Exercise material Start Marker

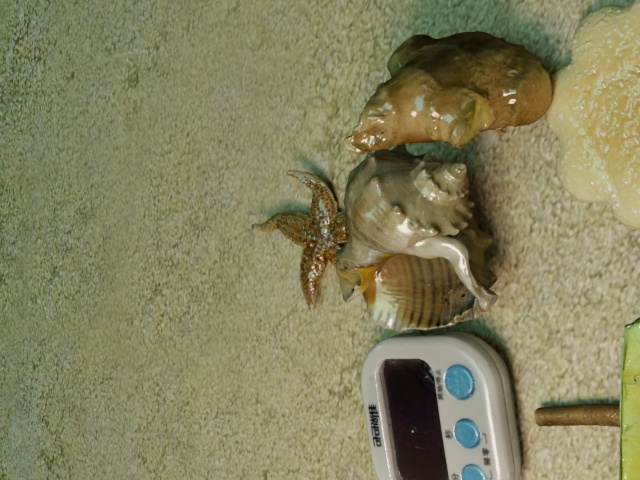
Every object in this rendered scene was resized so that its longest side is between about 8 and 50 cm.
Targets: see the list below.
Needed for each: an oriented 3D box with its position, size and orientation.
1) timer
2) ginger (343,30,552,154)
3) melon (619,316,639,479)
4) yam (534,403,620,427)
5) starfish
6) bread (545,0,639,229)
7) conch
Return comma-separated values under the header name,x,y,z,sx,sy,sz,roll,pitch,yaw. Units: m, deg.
name,x,y,z,sx,sy,sz,roll,pitch,yaw
timer,0.174,0.260,1.330,0.237,0.087,0.262,-7,92,43
ginger,0.149,-0.195,1.204,0.219,0.270,0.123,-122,24,-44
melon,0.421,0.228,1.063,0.196,0.124,0.324,3,106,42
yam,0.352,0.231,1.208,0.145,0.032,0.032,-11,87,41
starfish,0.000,0.000,1.481,0.277,0.062,0.236,-4,92,38
bread,0.406,-0.159,1.108,0.316,0.054,0.316,7,101,42
conch,0.141,0.002,1.279,0.263,0.186,0.324,50,155,11

Exercise material End Marker

__Instructions to follow__
Verbatim reproduction is required for the line holding "Needed for each: an" and for every line after it in the records, with no other line included.

__Answer area__
Needed for each: an oriented 3D box with its position, size and orientation.
1) timer
2) ginger (343,30,552,154)
3) melon (619,316,639,479)
4) yam (534,403,620,427)
5) starfish
6) bread (545,0,639,229)
7) conch
Return comma-separated values under the header name,x,y,z,sx,sy,sz,roll,pitch,yaw. Units: m, deg.
name,x,y,z,sx,sy,sz,roll,pitch,yaw
timer,0.174,0.260,1.330,0.237,0.087,0.262,-7,92,43
ginger,0.149,-0.195,1.204,0.219,0.270,0.123,-122,24,-44
melon,0.421,0.228,1.063,0.196,0.124,0.324,3,106,42
yam,0.352,0.231,1.208,0.145,0.032,0.032,-11,87,41
starfish,0.000,0.000,1.481,0.277,0.062,0.236,-4,92,38
bread,0.406,-0.159,1.108,0.316,0.054,0.316,7,101,42
conch,0.141,0.002,1.279,0.263,0.186,0.324,50,155,11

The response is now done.